446. Arithmetic Slices II

Hello, reader 👋🏽 ! Welcome to day 57 of the series on Problem Solving. Through this series, I aim to pick up at least one question everyday and share my approach for solving it.

Today, I will be picking up LeetCode's daily challenge problem: 446. Arithmetic Slices II - Subsequence.

🤔 Problem Statement

Given an integer array nums, return the number of all the arithmetic subsequences of nums.
A sequence of numbers is called arithmetic if it consists of at least three elements and if the difference between any two consecutive elements is the same.
nums = [2,4,6,8,10] => 7
nums = [7,7,7,7,7] => 16

💬 Thought Process - Dynamic Programming

The naive way of solving this approach would be to generate all the subsequences and check if every subsequence forms an arithmetic sequence.
But this approach has a time complexity of O(2^n) and that is not very efficient.
To improve the time complexity, we can make use of the difference d between the i-1 and i indices in the subsequence.
We'll make use of an array of hash map of length n (n = number of elements).
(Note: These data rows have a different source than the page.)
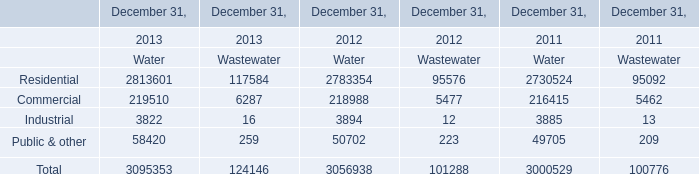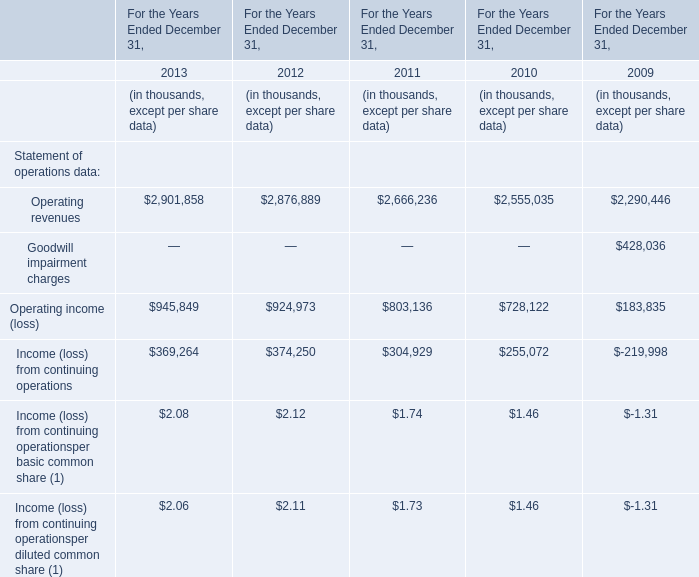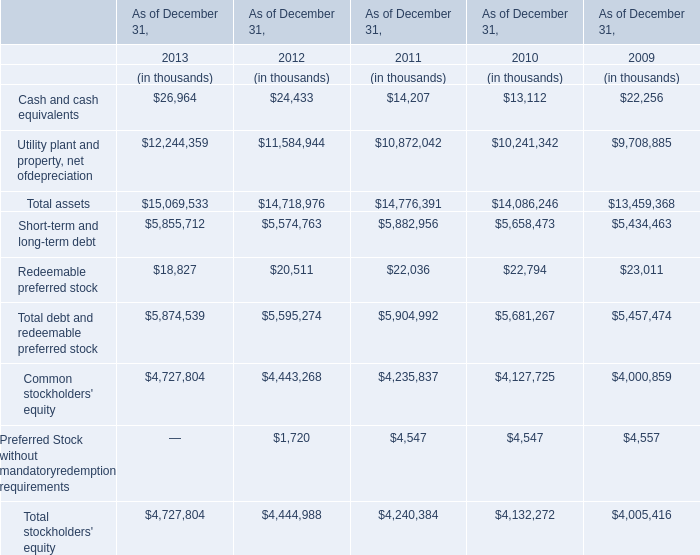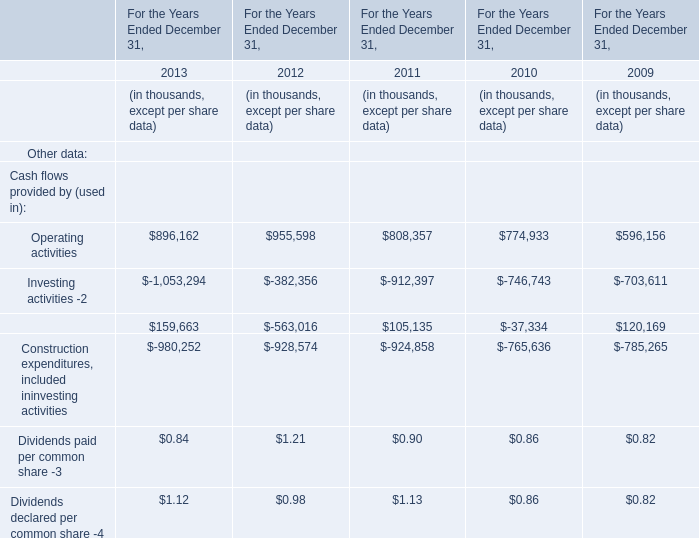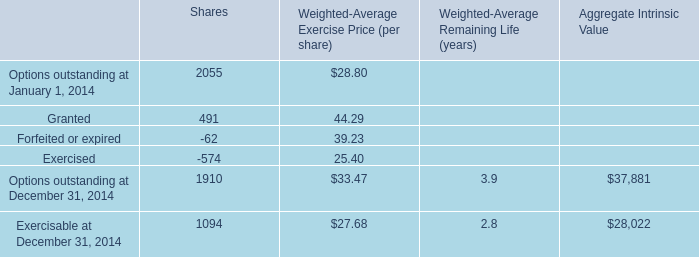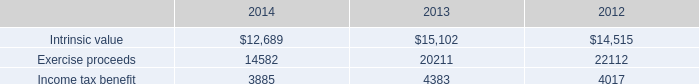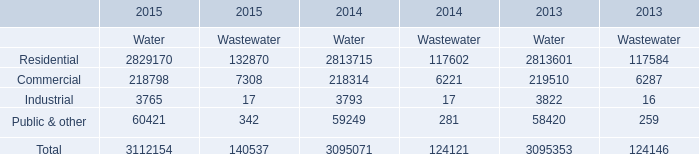What's the sum of Income tax benefit of 2012, and Options outstanding at December 31, 2014 of Shares ? 
Computations: (4017.0 + 1910.0)
Answer: 5927.0. 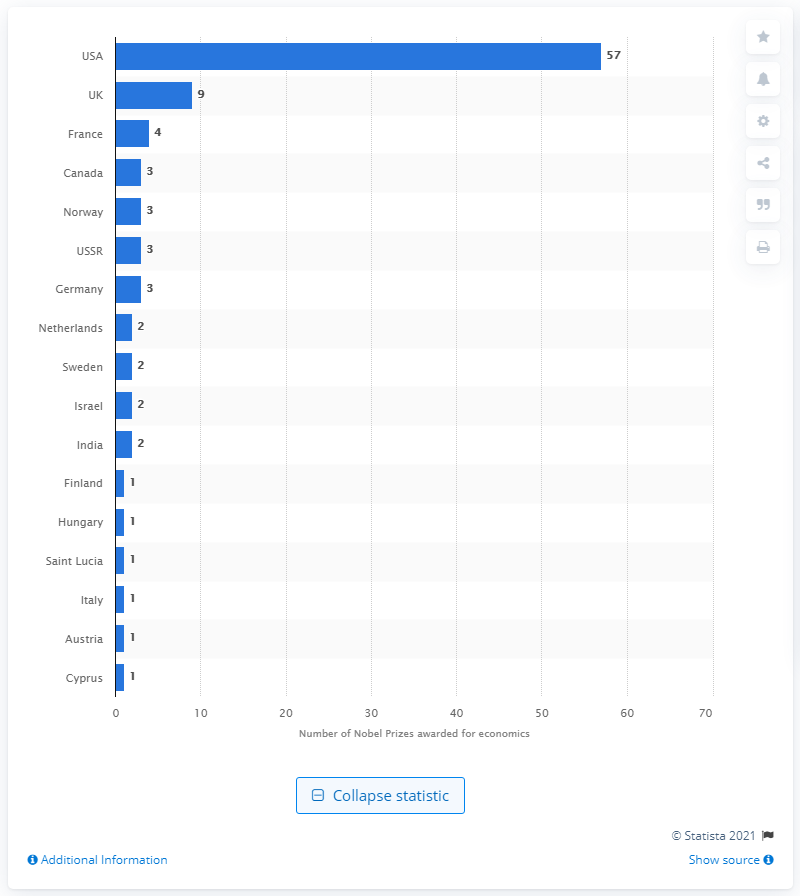Outline some significant characteristics in this image. Americans have won the Nobel Prize in economics 57 times. 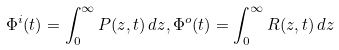Convert formula to latex. <formula><loc_0><loc_0><loc_500><loc_500>\Phi ^ { i } ( t ) = \int _ { 0 } ^ { \infty } P ( z , t ) \, d z , \Phi ^ { o } ( t ) = \int _ { 0 } ^ { \infty } R ( z , t ) \, d z</formula> 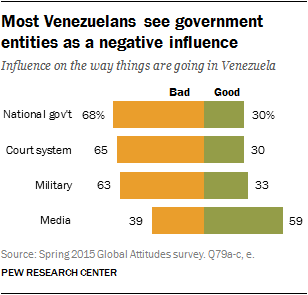Identify some key points in this picture. The total percentage of military influence is 0.96. The two bars in the chart represent good and bad outcomes. 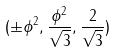<formula> <loc_0><loc_0><loc_500><loc_500>( \pm \phi ^ { 2 } , \frac { \phi ^ { 2 } } { \sqrt { 3 } } , \frac { 2 } { \sqrt { 3 } } )</formula> 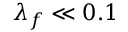Convert formula to latex. <formula><loc_0><loc_0><loc_500><loc_500>\lambda _ { f } \ll 0 . 1</formula> 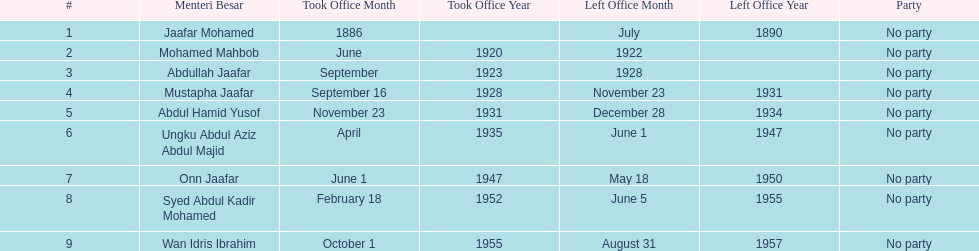What are all the people that were menteri besar of johor? Jaafar Mohamed, Mohamed Mahbob, Abdullah Jaafar, Mustapha Jaafar, Abdul Hamid Yusof, Ungku Abdul Aziz Abdul Majid, Onn Jaafar, Syed Abdul Kadir Mohamed, Wan Idris Ibrahim. Who ruled the longest? Ungku Abdul Aziz Abdul Majid. 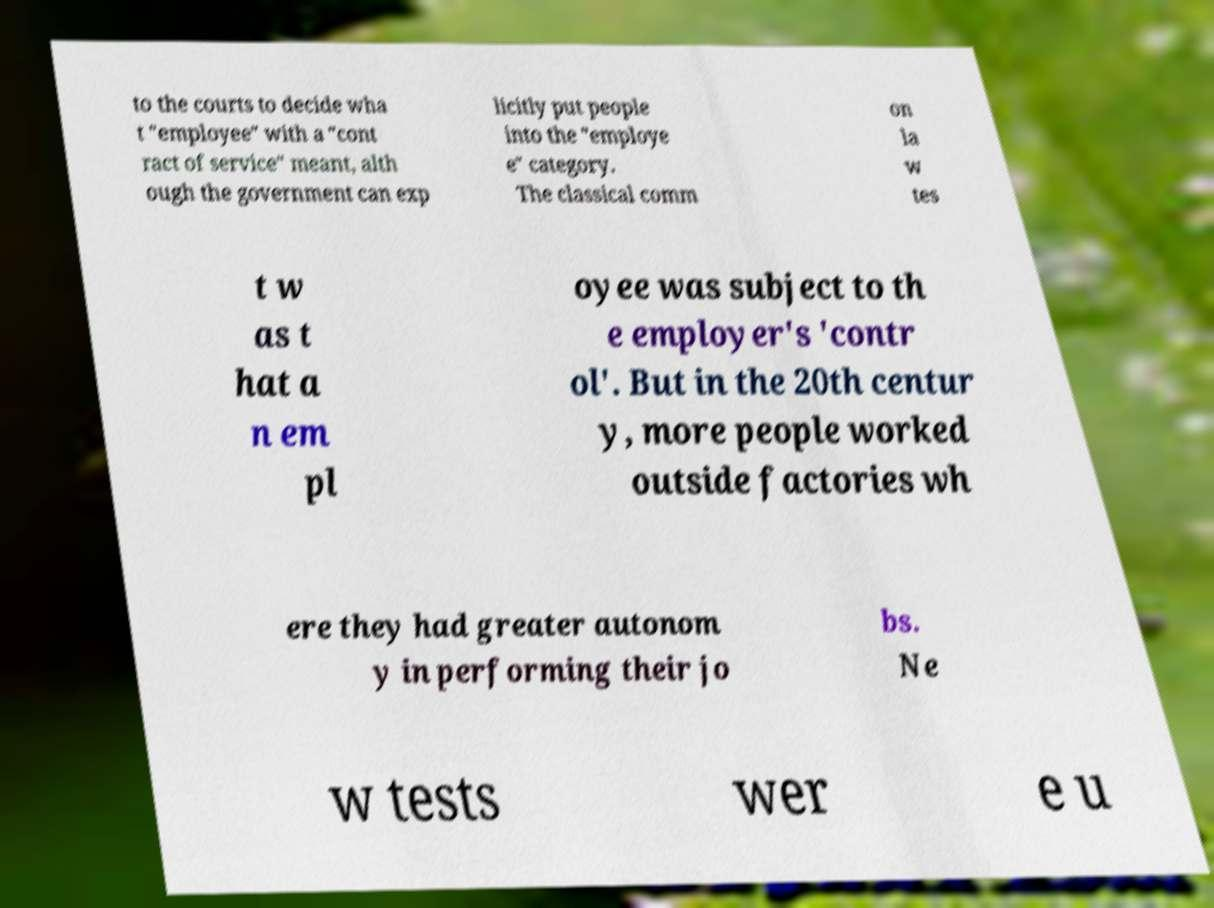I need the written content from this picture converted into text. Can you do that? to the courts to decide wha t "employee" with a "cont ract of service" meant, alth ough the government can exp licitly put people into the "employe e" category. The classical comm on la w tes t w as t hat a n em pl oyee was subject to th e employer's 'contr ol'. But in the 20th centur y, more people worked outside factories wh ere they had greater autonom y in performing their jo bs. Ne w tests wer e u 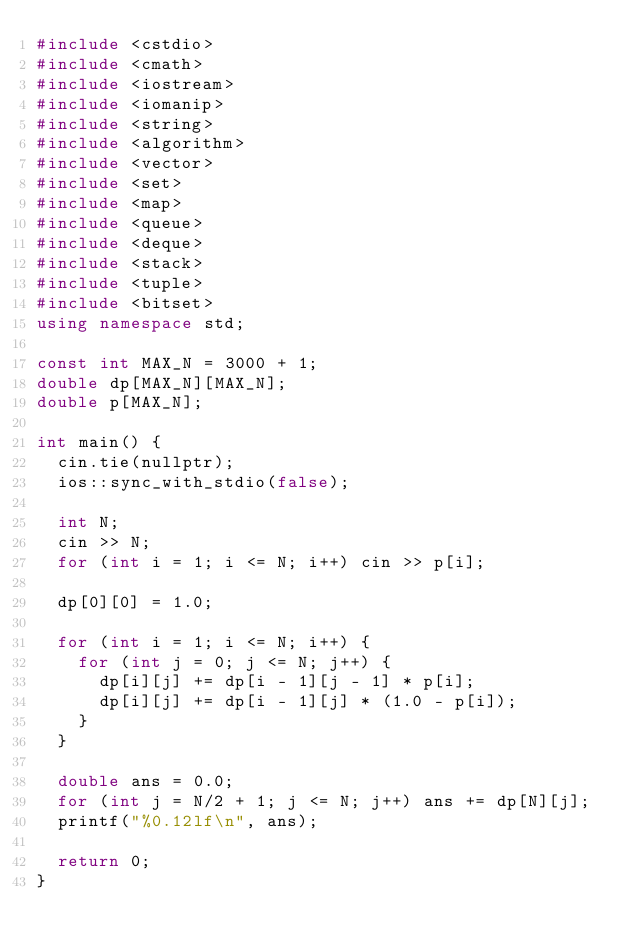<code> <loc_0><loc_0><loc_500><loc_500><_C++_>#include <cstdio>
#include <cmath>
#include <iostream>
#include <iomanip>
#include <string>
#include <algorithm>
#include <vector>
#include <set>
#include <map>
#include <queue>
#include <deque>
#include <stack>
#include <tuple>
#include <bitset>
using namespace std;

const int MAX_N = 3000 + 1;
double dp[MAX_N][MAX_N];
double p[MAX_N];

int main() {
  cin.tie(nullptr);
  ios::sync_with_stdio(false);

  int N;
  cin >> N;
  for (int i = 1; i <= N; i++) cin >> p[i];

  dp[0][0] = 1.0;
  
  for (int i = 1; i <= N; i++) {
    for (int j = 0; j <= N; j++) {
      dp[i][j] += dp[i - 1][j - 1] * p[i];
      dp[i][j] += dp[i - 1][j] * (1.0 - p[i]);
    }
  }

  double ans = 0.0;
  for (int j = N/2 + 1; j <= N; j++) ans += dp[N][j];
  printf("%0.12lf\n", ans);
  
  return 0;
}





</code>

Every index i would store the count of subsequences with difference d that would end at index i.
We can start with subsequences of length two, and keep building it by adding new elements to it if the difference between elements remains the same.
Since subsequences need to be at least of size 3, if our input array has length less than 3, that means it can have no arithmetic sequences and we return 0.
To find subsequences, we'll use two loops - where the outer loop with index i runs from 1 to n and the inner loop with index j from 0 to i-1.
We find the difference diff between the diff = nums[j] - nums[i].
There would be four cases:
1. There was already a previous subsequence that ended at index i where the elements had the same difference diff.
2. There was no previous subsequence that ended at index i with the same difference diff.
3. There was already a previous subsequence that ended at index j with the same different diff.
4. There was no previous subsequence that ended at index j with the same difference diff.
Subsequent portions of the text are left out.